La « croissance » de la France reste très malsaine et ne nous sauvera pas de 43 ans de mauvaise gestion des finances publiques. (Simone Wapler pour La Chronique Agora)

C’est officiel et dans tous vos journaux du matin, l’économie française fait des flammes : nous aurons 1,9% de croissance en 2017.

Dans l’ensemble, nous devrions être plus riches de presque 2%, tout devrait baigner dans le beurre, le chômage devrait diminuer, les trains devraient arriver à l’heure…

Oups, pas si vite !

La « croissance » mesurée par les économistes est le PIB. Le mode de calcul retenu consiste à additionner les dépenses de consommation, les dépenses d’investissement, les dépenses publiques courantes et le solde commercial (exportations – importations).

Donc, le déficit public — c’est-à-dire l’argent que l’État n’a pas et emprunte pour ses dépenses courantes — est compris dans le PIB.

Ce déficit pour 2017 frisera les 3% du PIB. La croissance que nous vante notre organisme statistique national est donc essentiellement la croissance de dépenses étatiques financées par la dette.

L’activité économique du secteur privé est en France plutôt moins dynamique que dans le reste du monde et la croissance de notre pays une des plus anémiques des pays développés.

L’État contrôle 56% de notre économie, 20 000 postes de fonctionnaires ont été créés en 2016 et le gouvernement a prévu de supprimer seulement 1 600 postes en 2017. Nous sommes champions du monde des impôts et les gens contrôlent à peine la moitié de l’argent qu’ils gagnent.

Un choc de libéralisme sauvage et débridé ?

Le Figaro du jour relaie l’enquête European Social Survey de novembre sur la popularité des politiques libérales dans sept pays européens.

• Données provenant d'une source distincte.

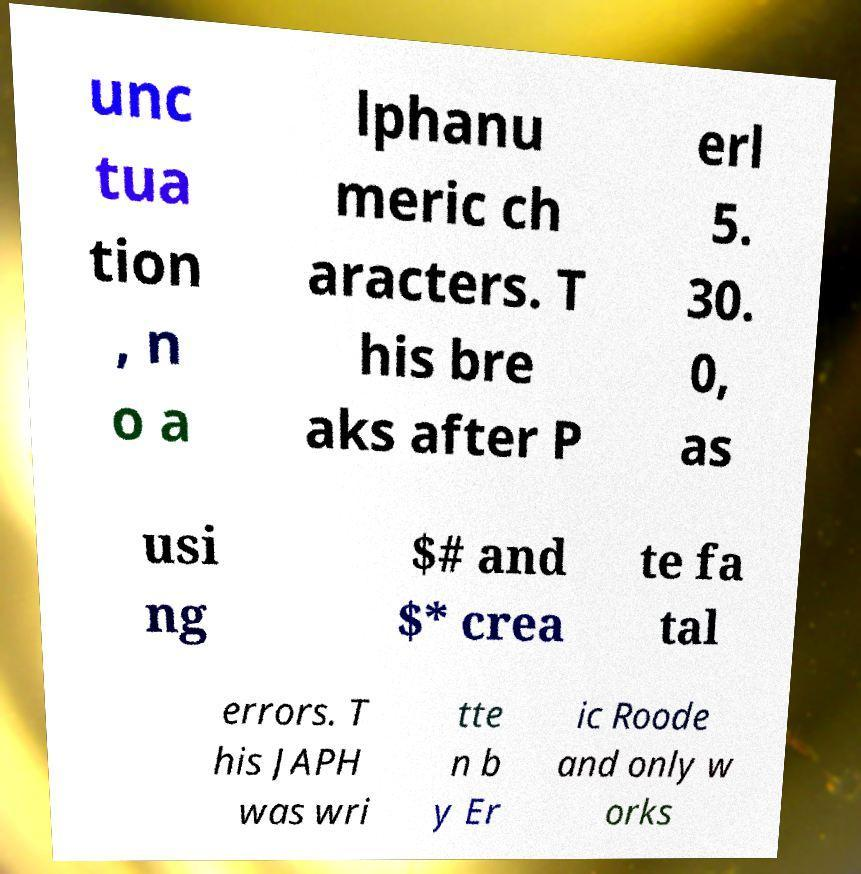Could you assist in decoding the text presented in this image and type it out clearly? unc tua tion , n o a lphanu meric ch aracters. T his bre aks after P erl 5. 30. 0, as usi ng $# and $* crea te fa tal errors. T his JAPH was wri tte n b y Er ic Roode and only w orks

Seulement 45% des Français pensent que les différences de revenus sont acceptables si elles récompensent le talent et l’effort. Donc une majorité de Français pense que le travail, l’effort ou le talent n’ont pas lieu d’être financièrement récompensés.

75% des Français pensent que le gouvernement doit réduire les inégalités de revenu. Donc une énorme majorité de Français pensent que la spoliation doit être organisée par le gouvernement.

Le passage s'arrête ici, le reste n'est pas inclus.